Antes que a ruiva respondesse, David interveio:

- Ela é uma aluna. Veio para ter aulas extras. Mas é como se fosse de casa. - dirigindo-se somente à moça. - Vou mostrar a casa ao garoto e volto num instante.

Foi uma apresentação breve do lugar. Clint, mais uma vez, se fascinara com a luminosidade da casa. A maioria das janelas ia do chão ao teto, de uma parede à outra. Com exceção as dos quartos. Mais tarde a governanta, que também lhe explicou algumas regrinhas simples, lhe mostrou tudo detalhadamente.

Em determinado momento do passeio David apontou para o bolso do casaco de Clint, perguntando o que havia ali. O menino viu que um miúdo braço de madeira escapava do bolso e pegou a marionete para mostrar ao tio.

- Fui eu que fiz. - disse o garoto, deixando o boneco de madeira, sem face e sem roupas, suspenso no ar pelas linhas que segurava.

- Impressionante. - resmungou David. - Não sabia que gostava deste tipo de coisas. Estar no controle de algo lhe fascina?

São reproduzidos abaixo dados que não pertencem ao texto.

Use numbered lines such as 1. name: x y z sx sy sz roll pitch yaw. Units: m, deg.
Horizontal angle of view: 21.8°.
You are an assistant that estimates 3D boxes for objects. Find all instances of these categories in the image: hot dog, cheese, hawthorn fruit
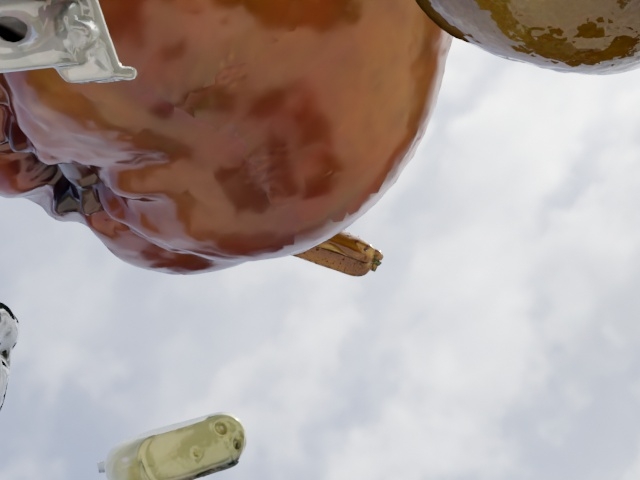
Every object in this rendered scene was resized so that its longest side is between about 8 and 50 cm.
1. hot dog: 0.000 0.000 1.524 0.049 0.122 0.037 94 -161 -52
2. cheese: -0.162 0.206 1.570 0.127 0.251 0.054 -16 -92 -26
3. hawthorn fruit: -0.102 -0.211 1.283 0.472 0.472 0.471 -14 -61 -27

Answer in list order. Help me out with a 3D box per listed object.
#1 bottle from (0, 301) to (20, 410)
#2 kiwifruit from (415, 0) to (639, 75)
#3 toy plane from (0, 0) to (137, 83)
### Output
1. bottle: -0.255 -0.026 0.575 0.144 0.336 0.144 -52 -9 -11
2. kiwifruit: 0.143 -0.206 0.883 0.196 0.196 0.234 11 -71 -36
3. toy plane: -0.128 -0.197 0.818 0.117 0.245 0.244 -43 -31 -71
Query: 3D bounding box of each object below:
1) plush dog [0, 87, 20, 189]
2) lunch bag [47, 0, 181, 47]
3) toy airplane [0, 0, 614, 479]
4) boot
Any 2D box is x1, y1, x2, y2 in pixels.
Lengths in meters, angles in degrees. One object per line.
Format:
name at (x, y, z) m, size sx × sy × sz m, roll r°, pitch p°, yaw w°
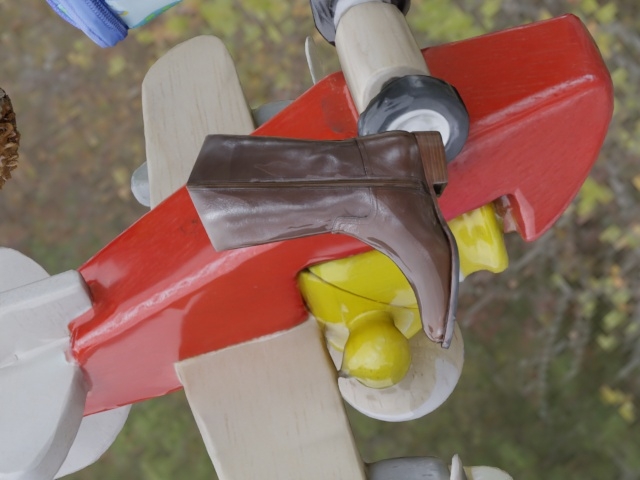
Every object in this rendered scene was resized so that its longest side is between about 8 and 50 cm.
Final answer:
plush dog at (-0.325, -0.078, 1.357) m, size 0.262 × 0.225 × 0.210 m, roll 54°, pitch 170°, yaw -35°
lunch bag at (-0.118, -0.191, 0.774) m, size 0.219 × 0.090 × 0.176 m, roll 56°, pitch -177°, yaw -33°
toy airplane at (-0.025, 0.041, 1.190) m, size 0.384 × 0.386 × 0.272 m, roll 5°, pitch 154°, yaw 43°
boot at (0.000, 0.000, 0.863) m, size 0.037 × 0.114 × 0.106 m, roll 103°, pitch 163°, yaw -62°
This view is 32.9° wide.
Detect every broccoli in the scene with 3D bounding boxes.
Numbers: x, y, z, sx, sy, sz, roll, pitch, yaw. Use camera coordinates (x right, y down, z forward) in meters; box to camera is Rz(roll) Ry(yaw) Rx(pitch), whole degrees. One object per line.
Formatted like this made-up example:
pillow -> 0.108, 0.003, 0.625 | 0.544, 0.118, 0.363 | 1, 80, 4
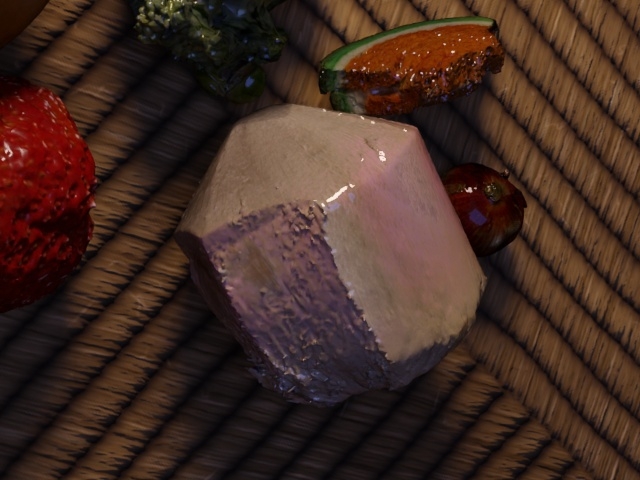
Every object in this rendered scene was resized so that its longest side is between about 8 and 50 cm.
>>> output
broccoli -> -0.105, -0.324, 1.141 | 0.235, 0.260, 0.288 | -7, 103, 19

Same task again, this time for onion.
onion -> 0.185, -0.034, 1.307 | 0.117, 0.118, 0.118 | 37, 84, 7

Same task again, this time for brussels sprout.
brussels sprout -> -0.105, -0.184, 1.249 | 0.083, 0.046, 0.051 | 9, 96, -7

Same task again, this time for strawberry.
strawberry -> -0.344, -0.045, 1.070 | 0.257, 0.277, 0.257 | -1, 93, -13

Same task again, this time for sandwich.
sandwich -> 0.126, -0.197, 1.266 | 0.235, 0.159, 0.079 | -30, 126, -36

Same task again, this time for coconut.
coconut -> 0.000, 0.000, 1.163 | 0.297, 0.297, 0.309 | -34, 103, -11

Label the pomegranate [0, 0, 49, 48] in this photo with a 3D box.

O menino olhou confuso para o tio.

- Não... mas gosto de criar histórias.

- Que tipos de histórias?

- Tem uma... A minha favorita.

E foi assim que Clint contou ao tio o conto do homem e sua bailarina. Clint enxergava a bailarina como aquela marionete que carregava sempre consigo. Ela estava no controle, a mando de seus dedos. E assim como fazia o boneco dançar, ele imaginava a bailarina flutuando e rodopiando. O garoto analisava e concluía sempre que cada pessoa no mundo podia ser manipulada. Se com cuidado e inteligência, qualquer um poderia ser seu brinquedo.